As opposed to non fiction natch. Actually books intending to be non-fiction can be pretty entertainin too. Ruth Montgomery wrote alot about the rise of the antichrist (he is about 8 years late as of 2006, plus there was no shift of the earth’s axis either) and her stories were really interesting.
When the remake of the Omen comes out I’m going to watch it. I guess I enjoy first person accounts of power hungry dictators. The best fictional book I’ve ever read was the earth is the Lord’s which was a personal account of Genghis Kahn’s rise to power.
Depends on what you’re looking for. Stephen King’s THE STAND certainly presents an Anti-Christ character with great depth- up till recently, no one beat Randall Flagg as a literary Anti-Christ. Certainly not those ponces Damien Thorne and Nicolae Carpathia.
Then I met Christopher Goodman, the title subject of James BeauSeigneur’s THE CHRIST CLONE TRILOGY (In His Image, Birth of An Age, and Acts of God)- the one fictional (Anti or Returned?)-Christ to be fully developed as a character. I regard this as the best most thorough fictional treatment of the Apocalypse.

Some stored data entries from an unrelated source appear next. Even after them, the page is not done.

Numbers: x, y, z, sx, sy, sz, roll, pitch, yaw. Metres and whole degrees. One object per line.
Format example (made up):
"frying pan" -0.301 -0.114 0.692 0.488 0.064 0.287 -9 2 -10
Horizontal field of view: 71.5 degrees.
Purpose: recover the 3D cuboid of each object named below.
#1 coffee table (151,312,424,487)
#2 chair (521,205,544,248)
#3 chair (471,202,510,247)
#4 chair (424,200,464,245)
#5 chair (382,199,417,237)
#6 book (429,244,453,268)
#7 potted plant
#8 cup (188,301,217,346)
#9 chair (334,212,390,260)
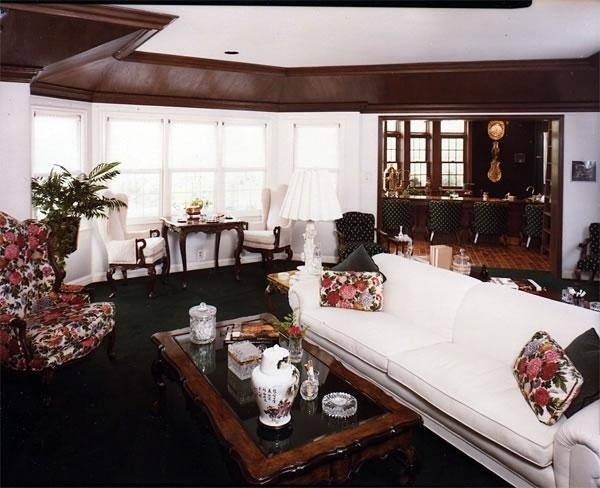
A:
"coffee table" -0.002 0.492 2.121 0.768 0.331 1.283 -8 15 -29
"chair" 4.760 -0.342 8.472 0.351 0.963 0.792 7 13 29
"chair" 4.106 -0.538 9.213 0.606 0.974 0.788 2 8 17
"chair" 3.227 -0.487 9.263 0.680 1.006 0.666 4 12 15
"chair" 2.172 -0.619 9.333 0.705 1.132 0.873 2 6 18
"book" 1.490 0.133 4.381 0.173 0.260 0.135 11 20 38
"potted plant" -2.711 -0.562 5.169 1.100 1.184 1.170 3 13 -4
"cup" -0.693 0.585 3.115 0.237 0.381 0.250 1 3 0
"chair" 1.043 -0.152 6.452 0.657 0.958 0.770 -2 4 -9

BUT as interesting curiosities, look for
Carol Balizet’s out of print, late-seventies novel THE SEVEN LAST YEARS, featuring (I kid you not) Pope Sixtus VI. Much better than that sounds. It even lurks as a free e-book somewhere on the Net.

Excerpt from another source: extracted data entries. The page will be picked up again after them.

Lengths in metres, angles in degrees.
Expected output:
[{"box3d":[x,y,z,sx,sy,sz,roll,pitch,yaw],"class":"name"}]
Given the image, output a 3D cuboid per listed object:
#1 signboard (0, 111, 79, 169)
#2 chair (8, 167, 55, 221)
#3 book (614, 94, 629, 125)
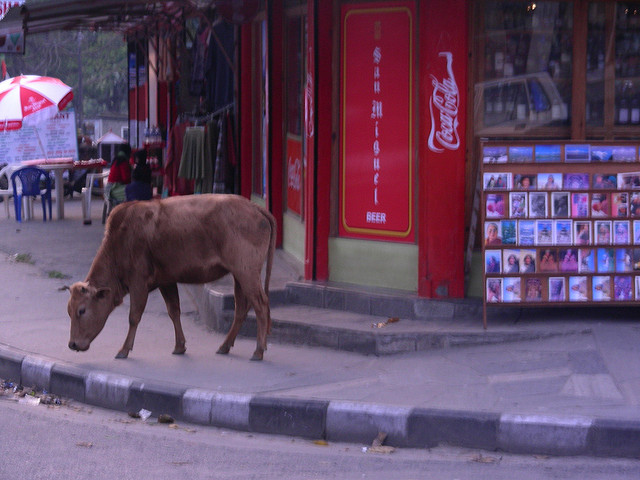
[{"box3d":[-5.489,-2.216,16.041,1.046,1.098,1.080,-10,-1,-31],"class":"signboard"},{"box3d":[-5.907,-0.934,16.695,0.679,1.307,0.923,-2,22,-10],"class":"chair"},{"box3d":[3.408,-1.472,9.209,0.186,0.334,0.039,-2,5,-13],"class":"book"}]

Sydney Watson’s also out of print, 1910s novel THE MARK OF THE BEAST, in which the Beast is world-renown genius, inventor & diplomat Lucien Apleon. It’s predecessor IN THE TWINKLING OF AN EYE is in print from Barbour and also is somewhere on the Net in e-book form. They and Robert Hugh Benton’s (S.J.) novel LORD OF THIS WORLD are the earliest Revelation novels I know of (I have not yet read LORD tho I did download it from ProjectGutenburg- btw it also is in print).
Pat Robertson’s END OF THE AGE - not too bad. I wonder who ghosted it for him.
The Earth is the Lord’s… Taylor Caldwell? That’s one book by her I don’t have!
Oh, two other novels- both now available from Infinity Press (a vanity press?)-
Mark Rogers’ THE DEAD (demonized zombies feast on those Left Behind)
and Brian Caldwell’s WE ALL FALL DOWN (the Apocalypse according to Quentin Tarantino- a terrible, fascinating and heartbreaking tale of a soul who won’t surrender to Satan or Jesus). Both well worth the time & money. Don’t leave WE ALL out for the kiddies to pick up, tho. I still can’t fully read the rib-rape scene. :eek:
Black Easter and The Day After Judgement by James Blish are pretty good. I have them in two volumes, they may have been combined, and I’m sure they’re out of print.
Good Omens is definitely about the antichrist, so I’d say it qualifies, but the OP specified enjoying books about “power hungry dictators,” and the antichrist in Good Omens doesn’t quite fit that mold!
It is, however, a fabulous book (or bok, even). Totally hilarious.